Thursday, May 02, 2013

No Fundamental Change in Catholic Church Sex Abuse Policy

Throughout the sex abuse scandal that has raged over the last decade or more, the Catholic Church hierarchy has worked hard to (i) paint the problem of priestly sex abuse as a problem of the past, and (ii) convince gullible Catholics and the larger population that the Church has changed its ways.  The problem is that both of the Church's PR efforts are not true as repeated stories from around the world reveal.  A piece in the National Catholic Reporter looks at the current situation and concludes that no fundamental change has really occurred whatsoever.  The bigger question is why, if this article is correct, anyone gives the Catholic bishops the time of day?  Especially, politicians who ought to be running from ties to child rapist enablers.  Pope Francis may talk tough, but nothing has really changed to date.  Here are some article highlights:

Rumors that the Roman Catholic church's clergy sex abuse crisis is a problem of the past have been greatly exaggerated.
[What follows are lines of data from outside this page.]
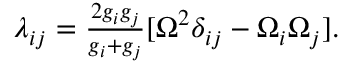Convert formula to latex. <formula><loc_0><loc_0><loc_500><loc_500>\begin{array} { r } { \lambda _ { i j } = \frac { 2 g _ { i } g _ { j } } { g _ { i } + g _ { j } } [ { \boldsymbol \Omega } ^ { 2 } \delta _ { i j } - \Omega _ { i } \Omega _ { j } ] . } \end{array}</formula> 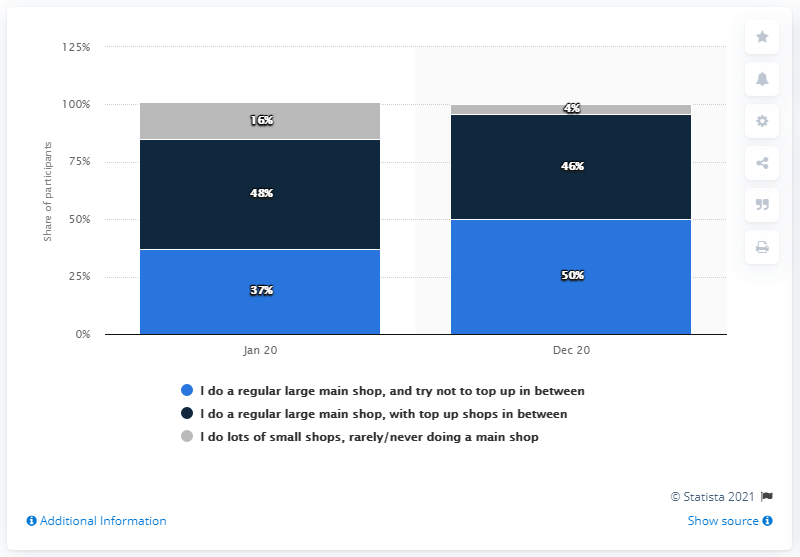Indicate a few pertinent items in this graphic. During the pandemic, the grocery shopping habit that underwent the most significant change was the practice of conducting a single, large main shop and avoiding top-up purchases in between. Previously, the speaker regularly performed a large main shop and refrained from making additional purchases. The maximum value of the gray bar is 16. 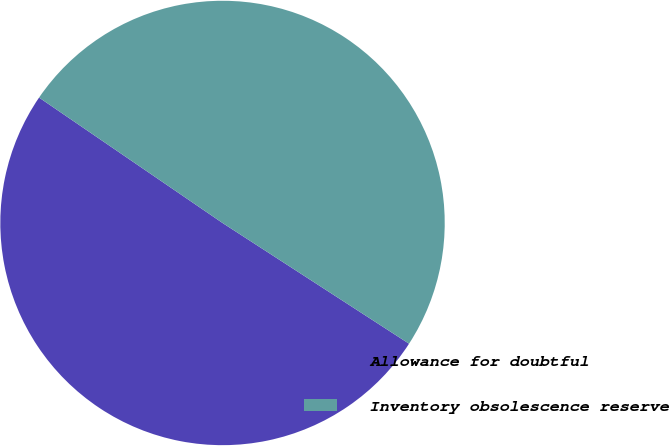Convert chart to OTSL. <chart><loc_0><loc_0><loc_500><loc_500><pie_chart><fcel>Allowance for doubtful<fcel>Inventory obsolescence reserve<nl><fcel>50.4%<fcel>49.6%<nl></chart> 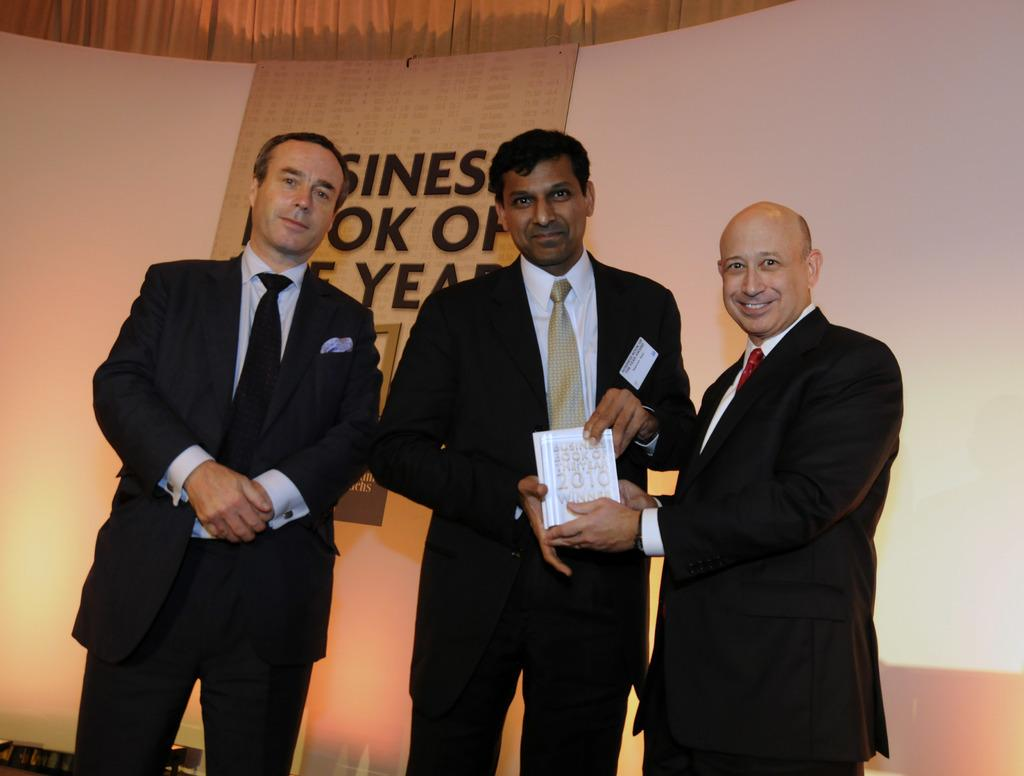How many people are present in the image? There are three people standing in the image. What are two of the people holding? Two of the people are holding a book. What type of lettuce can be seen in the image? There is no lettuce present in the image. How many bells are ringing in the background of the image? There are no bells present in the image, and no sounds are mentioned. 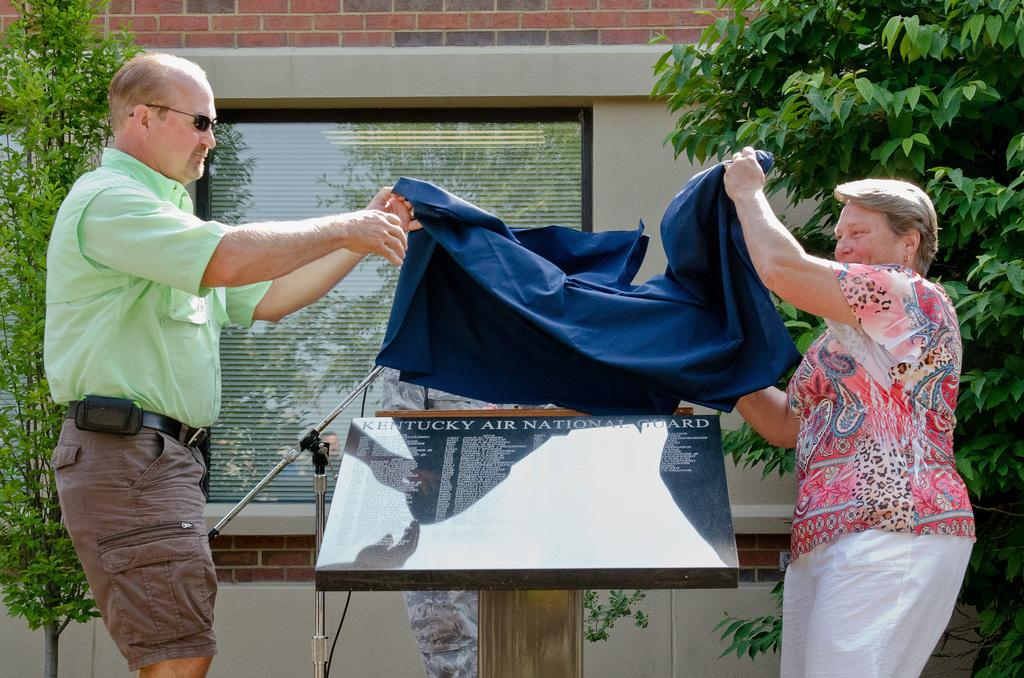How many people are present in the image? There are two people, a man and a woman, present in the image. What are the man and woman holding in the image? The man and woman are holding a cloth in the image. What type of vegetation can be seen in the image? There are trees in the image. What object can be seen in the image that might be used for displaying information or messages? There is a board in the image that could be used for displaying information or messages. What object can be seen in the image that might be used for drinking? There is a glass in the image that could be used for drinking. What is visible in the background of the image? There is a wall in the background of the image. Can you tell me how many worms are swimming in the image? There are no worms or swimming activity depicted in the image.

"The bishops' public relations machine has persuaded the people that it is a problem that was, not that is," Jeff Anderson says, "and that is a living lie. There have been superficial changes, but not fundamental changes."
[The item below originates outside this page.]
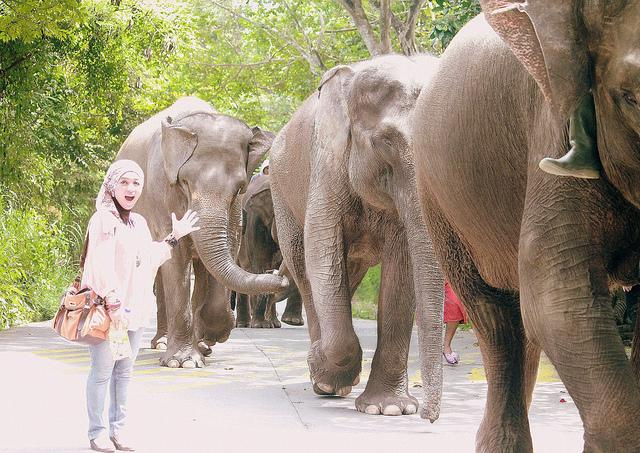What does this animal tend to have? Please explain your reasoning. two trunks. The animal has two tusks. 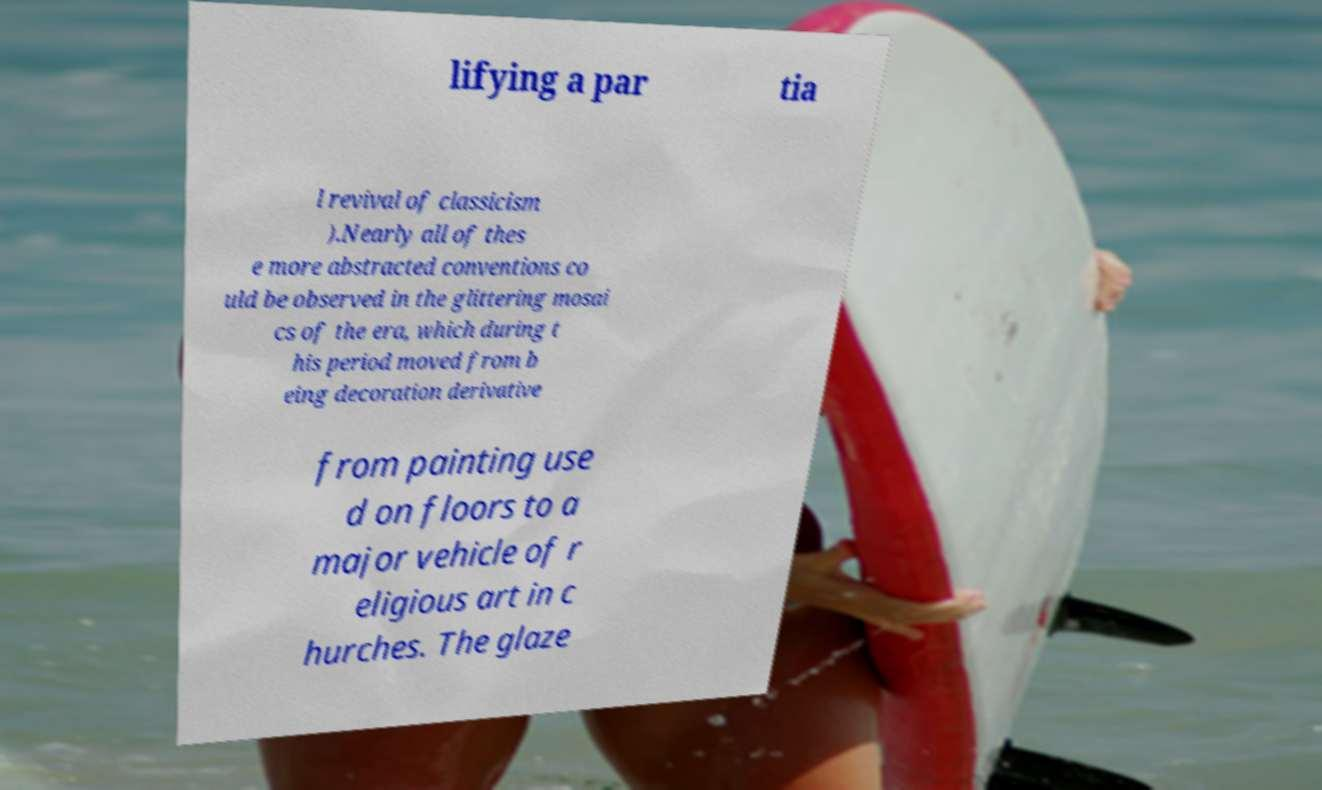There's text embedded in this image that I need extracted. Can you transcribe it verbatim? lifying a par tia l revival of classicism ).Nearly all of thes e more abstracted conventions co uld be observed in the glittering mosai cs of the era, which during t his period moved from b eing decoration derivative from painting use d on floors to a major vehicle of r eligious art in c hurches. The glaze

Anderson, one of the most well-known lawyers to bring a lawsuit against the Roman Catholic church, was part of a panel to promote the publication of Mortal Sins: Sex, Crime, and the Era of Catholic Scandal, a new book by journalist Michael D'Antonio.

The event took place April 23 in New York City's Bleecker Street Theatre, one week before new revelations that, just across the Hudson River, Newark's Archbishop John J. Myers allowed a priest who admitted to groping a 14-year-old boy to attend youth retreats, travel with a youth group on a pilgrimage to Canada and hear the confessions of minors.

In addition to Anderson, the panel, moderated by D'Antonio, included some of the biggest names in advocacy against child sexual abuse, all of whom figure prominently in Mortal Sins: canon lawyer Fr. Thomas Doyle, psychotherapist Richard Sipe, former priest Patrick Wall, and Barbara Blaine, founder and president of the Survivors Network of those Abused by Priests.

Much of the conversation among the five panelists focused on why these abuses continue to persist given that in the past decade, the institution has suffered severely negative press, a mass exodus of followers, and more than $3 billion in settlements worldwide.

D'Antonio traces the root of the problem to the church's unusual relationship to spiritual and political power, which he said began in 1870, when the pope was given a new form of authority called infallibility. Then, 60 years later, the Vatican's civil status was defined in a concordat signed by then-Prime Minister Benito Mussolini.

"Catholicism became the only religion in the world with the status of a country, ruled by a churchman who was also a monarch," D'Antonio explains in Mortal Sins.  For Doyle, it's the church's monarchical structure that has made the global sex abuse cover-up possible. "In the office of pope, there is the power to demand complete obedience and to require secrecy in order to preserve that power."

Anderson said the obedience requirement has resulted in the "absolute exclusion of critical thinking" among the clergy, who are threatened with "the loss of pay, power and pension" if they refuse to obey.

"I have a deep respect for church as the body of Christ, but no respect left for the institution, the pope or the bishops," Doyle said. "There is corruption from the top down."  .   .  .  . What changed me was meeting the victims of sex abuse and their mothers and fathers," Doyle told the panel audience.

Like Doyle, Sipe trusted the institutional church would eventually fix this crisis, and he, too, said the cover-ups "reach the highest corridors of the Vatican."

"We will not see radical change under this pope or any other pope unless there is a change in the system that says the pope and cardinals are above everyone because God made them that way," Doyle said. "The men at the top need to be fired."  "We must demand and require legally and culturally that the Vatican disgorge itself of its secrets and that they obey civil laws," he said.
There's more to the article, but readers can see where it is going.  I remain of the view that until more Catholics simply walk away, the powers that be in the hierarchy will see no reason to change.   Until the hierarchy's power, money and undeserved privilege is seriously threatened, there will be no change.  Meanwhile, members of the laity who continue to drop checks in the collection basket help finance the criminal enterprise.